这么早宣布,默多克的胜利有点危险。但是,上周二的国会听证会,当默多克现场说了一句,“这是我一生最卑微的一天”。我有一个强烈的预感:窃听门事件件对默多克传媒帝国影响不大。

改变默多克在本次窃听门命运,不是他太太邓文迪那一记排球扣杀,而是基于这样几点。第一,窃听被判定有罪,那么承担有罪的部分,而不会扩大,“罪有多大,后果有多大”,而不是反过来,这是我对英国法治一个认识。

在这场犯罪调查中,默多克最大的损失应该是小默多克失去了接班机会。媒体,特别是报业,在西方有一个很有趣的现象,从发家,直到今天,家族企业很多。新闻集团虽然是上市公司,至今仍然是默多克家族控制,小默多克继承新闻集团,对家族来说是最自然选择,此外,他是一个很有能力的,在英国媒体界,发表的一些观点很不错,他领导下的业绩,也很不错。作为投资人,你没必要必要因为窃听门,放弃一个大将,让自己的投资受损。

在这场与英国国会、司法部门的抗争中,默多克集团在前期已经采取了强硬的抵抗,比如力保新闻国际总裁布鲁克斯女士。这种抵抗,我视为一种牵制策略,让布鲁克斯作为被攻击的重点,也作为最后的底线。如果没有针对小默多克实质性证据出现,布鲁克斯的下场就是这场窃听门的重点。

第二,对于默多克的调查,主体是谁?暂时不清楚,被窃听的受害人?英国政府?英国其他报纸?英国媒体监管机构Ofcom?暂时不知道。

但是,如果要把窃听扩大化,搞默多克,新闻集团的策略应该很简单:好啊,那就大家一起拉下水,因为做这个事情,新闻集团不是独一家。窃听门这次受到关注,在于将手段用到了一些弱势人群,比如英国烈属、犯罪受害人家属,引起了公愤,至于对王室成员、公众人物、明星政客,读者自然希望多多益善。窃听作为一种寻找新闻的手段,在英国媒体,特别是小报中是潜规则。
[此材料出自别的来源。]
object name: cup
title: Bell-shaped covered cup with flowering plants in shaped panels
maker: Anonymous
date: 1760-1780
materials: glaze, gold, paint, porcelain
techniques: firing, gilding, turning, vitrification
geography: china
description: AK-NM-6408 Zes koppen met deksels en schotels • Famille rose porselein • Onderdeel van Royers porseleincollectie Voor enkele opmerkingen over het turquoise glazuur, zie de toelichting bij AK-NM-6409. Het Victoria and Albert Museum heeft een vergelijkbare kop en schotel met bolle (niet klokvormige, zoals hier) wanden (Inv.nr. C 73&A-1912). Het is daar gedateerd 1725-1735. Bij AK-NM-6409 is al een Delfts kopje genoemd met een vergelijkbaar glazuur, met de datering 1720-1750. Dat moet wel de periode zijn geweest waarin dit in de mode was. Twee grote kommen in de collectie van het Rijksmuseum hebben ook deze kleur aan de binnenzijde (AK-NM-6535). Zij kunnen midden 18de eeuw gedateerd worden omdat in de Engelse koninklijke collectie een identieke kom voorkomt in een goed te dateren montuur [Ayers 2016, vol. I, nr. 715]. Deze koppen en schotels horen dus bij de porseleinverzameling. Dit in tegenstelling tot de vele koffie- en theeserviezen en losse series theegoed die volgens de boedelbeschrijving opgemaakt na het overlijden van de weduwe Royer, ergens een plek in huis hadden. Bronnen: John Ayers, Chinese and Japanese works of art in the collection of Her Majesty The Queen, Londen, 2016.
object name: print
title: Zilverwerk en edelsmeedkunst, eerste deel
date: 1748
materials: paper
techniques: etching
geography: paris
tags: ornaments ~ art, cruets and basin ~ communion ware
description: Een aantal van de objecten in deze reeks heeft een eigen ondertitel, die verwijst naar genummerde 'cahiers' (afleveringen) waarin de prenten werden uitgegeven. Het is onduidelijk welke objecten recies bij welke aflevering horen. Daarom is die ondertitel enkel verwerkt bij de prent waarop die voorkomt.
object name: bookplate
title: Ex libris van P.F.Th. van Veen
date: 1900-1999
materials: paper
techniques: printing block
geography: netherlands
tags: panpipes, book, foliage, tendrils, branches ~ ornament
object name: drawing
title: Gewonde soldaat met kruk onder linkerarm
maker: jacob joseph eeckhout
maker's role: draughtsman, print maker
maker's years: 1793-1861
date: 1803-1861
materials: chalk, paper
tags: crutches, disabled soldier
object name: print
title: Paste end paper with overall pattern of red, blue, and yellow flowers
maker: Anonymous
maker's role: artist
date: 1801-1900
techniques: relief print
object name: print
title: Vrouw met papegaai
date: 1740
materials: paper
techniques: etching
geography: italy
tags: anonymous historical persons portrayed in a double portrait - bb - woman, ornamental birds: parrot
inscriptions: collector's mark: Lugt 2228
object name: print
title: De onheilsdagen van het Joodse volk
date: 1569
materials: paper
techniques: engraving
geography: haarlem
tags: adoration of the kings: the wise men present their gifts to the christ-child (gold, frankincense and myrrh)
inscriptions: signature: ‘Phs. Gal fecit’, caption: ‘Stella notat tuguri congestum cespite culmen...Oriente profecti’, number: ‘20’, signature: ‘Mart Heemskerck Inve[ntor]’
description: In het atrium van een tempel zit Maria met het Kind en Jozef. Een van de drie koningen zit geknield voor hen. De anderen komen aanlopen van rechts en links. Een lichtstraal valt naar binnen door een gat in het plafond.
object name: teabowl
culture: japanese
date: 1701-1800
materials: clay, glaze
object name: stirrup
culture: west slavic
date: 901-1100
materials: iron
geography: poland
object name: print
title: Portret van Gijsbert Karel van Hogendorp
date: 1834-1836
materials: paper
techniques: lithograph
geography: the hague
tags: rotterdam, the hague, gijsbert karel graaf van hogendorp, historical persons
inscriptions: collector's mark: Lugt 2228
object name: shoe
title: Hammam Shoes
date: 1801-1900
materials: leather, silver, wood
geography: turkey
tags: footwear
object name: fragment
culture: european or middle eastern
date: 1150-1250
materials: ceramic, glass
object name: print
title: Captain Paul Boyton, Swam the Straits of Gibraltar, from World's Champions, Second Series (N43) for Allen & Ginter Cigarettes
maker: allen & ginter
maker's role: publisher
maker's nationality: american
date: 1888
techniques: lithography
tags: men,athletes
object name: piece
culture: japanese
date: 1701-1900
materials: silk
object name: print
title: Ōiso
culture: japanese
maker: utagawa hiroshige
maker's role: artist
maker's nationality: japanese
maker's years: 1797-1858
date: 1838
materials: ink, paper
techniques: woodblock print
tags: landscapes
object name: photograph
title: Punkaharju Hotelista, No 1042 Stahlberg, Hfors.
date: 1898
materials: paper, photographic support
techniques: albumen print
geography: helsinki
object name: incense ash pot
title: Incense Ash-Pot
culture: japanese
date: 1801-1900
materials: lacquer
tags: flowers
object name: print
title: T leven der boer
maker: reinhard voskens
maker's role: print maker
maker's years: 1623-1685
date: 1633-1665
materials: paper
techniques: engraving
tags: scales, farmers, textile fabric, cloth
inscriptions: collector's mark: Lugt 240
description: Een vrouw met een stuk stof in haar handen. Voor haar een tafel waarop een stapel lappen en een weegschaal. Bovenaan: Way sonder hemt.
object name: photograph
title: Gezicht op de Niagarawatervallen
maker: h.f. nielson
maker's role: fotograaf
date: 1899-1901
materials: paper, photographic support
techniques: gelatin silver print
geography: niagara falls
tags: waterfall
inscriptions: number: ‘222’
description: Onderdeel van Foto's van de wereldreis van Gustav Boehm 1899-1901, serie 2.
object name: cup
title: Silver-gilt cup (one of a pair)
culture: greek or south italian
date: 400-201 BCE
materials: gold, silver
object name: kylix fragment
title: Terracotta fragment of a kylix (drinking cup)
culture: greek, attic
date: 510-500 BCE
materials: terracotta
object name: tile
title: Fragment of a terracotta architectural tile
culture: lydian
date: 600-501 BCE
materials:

首先明确一点,媒体这种窃听,与国家安全情报机关的窃听,不一样。目前,媒体常用的就是采用手机通讯上漏洞,进入对方的语音信箱。类似于窃听的手段,还有偷拍、偷录、暗访、伪装采访等等,已经关闭的《世界新闻报》非常善于使用伪装采访,做了很多很有影响的独家报道。

默多克的新闻集团,不是采用窃听最厉害的媒体,还有一些英国媒体集团。我相信,这些手段还会继续被使用,可能报纸以后会更加谨慎。

我想不管在哪个国家,记者可能是诚信度最低的职业之一。诚信度还取决于你阅读的内容,一般报纸,我看两个内容:新闻和评论。前者,我觉得英国媒体是很有信息量;后者,我更多是看哪个作者写的,我自己有选择性偏好,读多了,你知道哪些是实话,哪些是幽默。

总体上,我一般只相信报纸说的三分之一,或者更少。把记者当成“无冕之王”,或者“新闻专业主义”的想法,这是对媒体诚信有太高要求。我觉得媒体首先要做到“信”,就是有信息、有线索、最好可以证实,这点被关闭的《世界新闻报》做得非常好。

至于诚不诚,读者日久见人心,选报纸,就好像交朋友,我们最好的朋友常常也缺点不少,更不用说陌生人。默多克可能不会成为英国读者的好朋友,但是至少不会排斥这么一个偶尔对自己有用的卑微老头。

第三,也许是最关键的。这次参与听证的英国议员很水。窃听门发生之处,我对工党,作为一个反对党,在利用这起事件进行政治反击的能力,很失望,他们应该赶快换个党魁。上周二听证会证明了保守党议员也是绣花枕头,因此我预感英国政界在这场窃听门中,没什么能力,也没使用什么力气。

接下来主要看法院了,一旦如此,这个事件效应就会大打折扣,因为法院大门一关上,媒体和政界的影响会很快消失的。